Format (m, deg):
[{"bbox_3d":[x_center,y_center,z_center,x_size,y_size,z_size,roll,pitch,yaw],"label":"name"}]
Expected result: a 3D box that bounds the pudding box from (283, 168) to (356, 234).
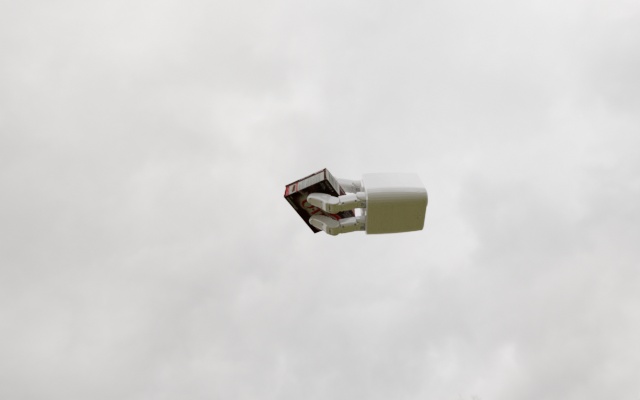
[{"bbox_3d":[0.000,0.003,0.871,0.090,0.113,0.039,-23,36,20],"label":"pudding box"}]
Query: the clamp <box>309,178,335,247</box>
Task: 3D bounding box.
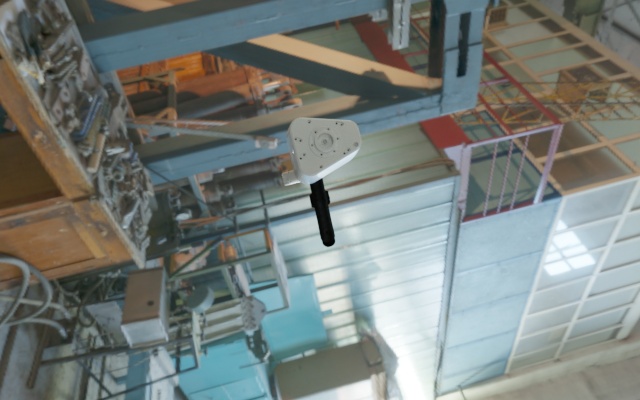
[{"bbox_3d":[0.001,0.003,0.853,0.039,0.171,0.120,-14,-1,-6],"label":"clamp"}]

--*--

**Task requirements**. Please print all of the records above exactly, omitting each picture.

**Task response**.
Format (m, deg):
[{"bbox_3d":[x_center,y_center,z_center,x_size,y_size,z_size,roll,pitch,yaw],"label":"name"}]
Expected result: a 3D box that bounds the pudding box from (283, 168) to (356, 234).
[{"bbox_3d":[0.000,0.003,0.871,0.090,0.113,0.039,-23,36,20],"label":"pudding box"}]
Query: the clamp <box>309,178,335,247</box>
Task: 3D bounding box.
[{"bbox_3d":[0.001,0.003,0.853,0.039,0.171,0.120,-14,-1,-6],"label":"clamp"}]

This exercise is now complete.